Provided material:
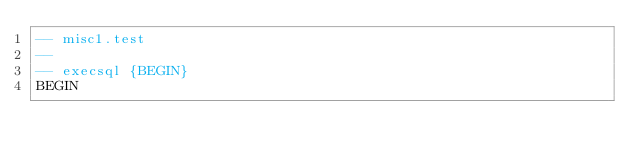Convert code to text. <code><loc_0><loc_0><loc_500><loc_500><_SQL_>-- misc1.test
-- 
-- execsql {BEGIN}
BEGIN</code> 
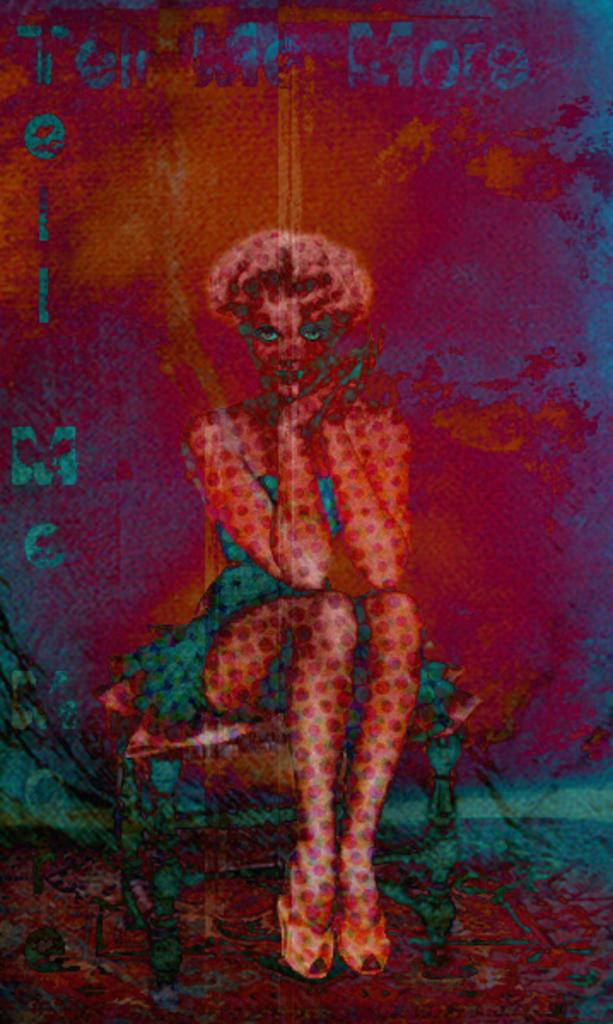What type of artwork is depicted in the image? The image is a painting. Can you describe the main subject of the painting? There is a lady in the center of the painting. Are there any additional elements in the painting besides the lady? Yes, there is text present in the painting. How many thrones can be seen in the painting? There are no thrones present in the painting. What number is written in the text within the painting? The provided facts do not give information about the specific text within the painting, so we cannot determine the number written in it. 
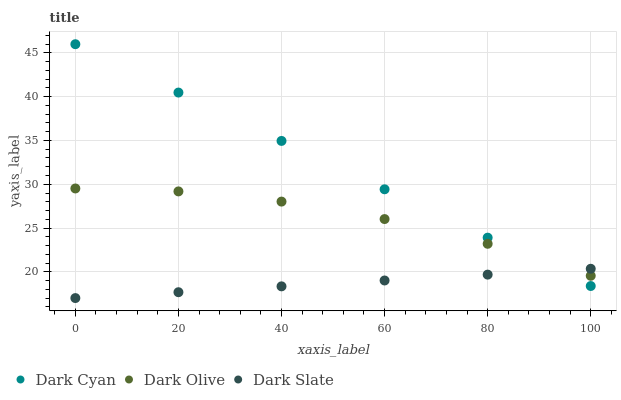Does Dark Slate have the minimum area under the curve?
Answer yes or no. Yes. Does Dark Cyan have the maximum area under the curve?
Answer yes or no. Yes. Does Dark Olive have the minimum area under the curve?
Answer yes or no. No. Does Dark Olive have the maximum area under the curve?
Answer yes or no. No. Is Dark Slate the smoothest?
Answer yes or no. Yes. Is Dark Olive the roughest?
Answer yes or no. Yes. Is Dark Olive the smoothest?
Answer yes or no. No. Is Dark Slate the roughest?
Answer yes or no. No. Does Dark Slate have the lowest value?
Answer yes or no. Yes. Does Dark Olive have the lowest value?
Answer yes or no. No. Does Dark Cyan have the highest value?
Answer yes or no. Yes. Does Dark Olive have the highest value?
Answer yes or no. No. Does Dark Cyan intersect Dark Olive?
Answer yes or no. Yes. Is Dark Cyan less than Dark Olive?
Answer yes or no. No. Is Dark Cyan greater than Dark Olive?
Answer yes or no. No. 
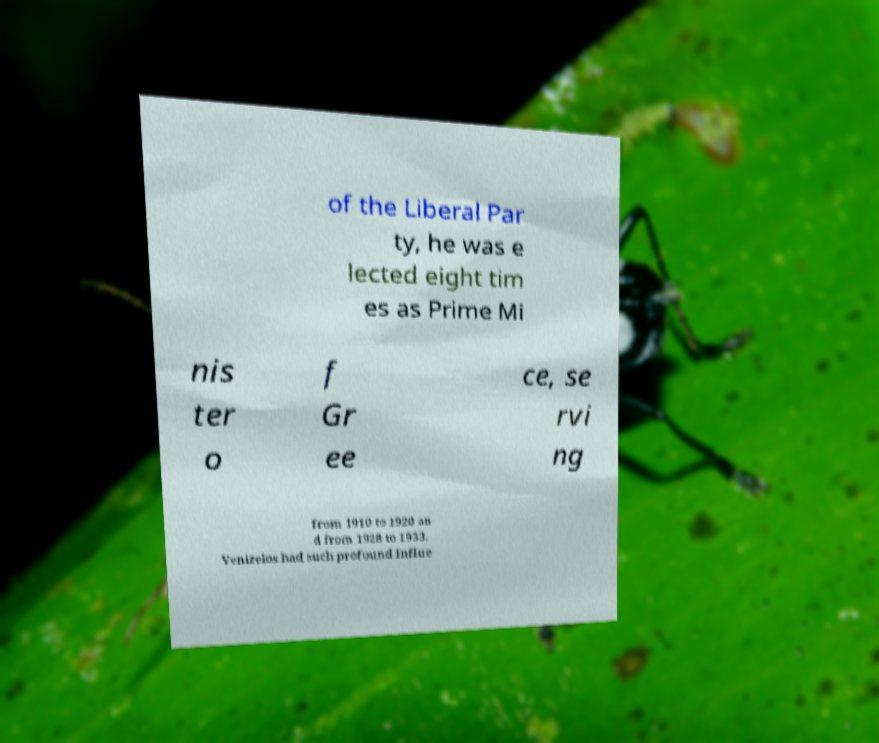I need the written content from this picture converted into text. Can you do that? of the Liberal Par ty, he was e lected eight tim es as Prime Mi nis ter o f Gr ee ce, se rvi ng from 1910 to 1920 an d from 1928 to 1933. Venizelos had such profound influe

Work instructions:
Copy nothing but the lines from the line that contains "Answer yes or no. No. Does Dark Cyan have" through the end of the listing, exactly, and keep pictures out of it.

Output below:
Answer yes or no. No. Does Dark Cyan have the highest value?
Answer yes or no. Yes. Does Dark Olive have the highest value?
Answer yes or no. No. Does Dark Cyan intersect Dark Olive?
Answer yes or no. Yes. Is Dark Cyan less than Dark Olive?
Answer yes or no. No. Is Dark Cyan greater than Dark Olive?
Answer yes or no. No. 
I need the written content from this picture converted into text. Can you do that? of the Liberal Par ty, he was e lected eight tim es as Prime Mi nis ter o f Gr ee ce, se rvi ng from 1910 to 1920 an d from 1928 to 1933. Venizelos had such profound influe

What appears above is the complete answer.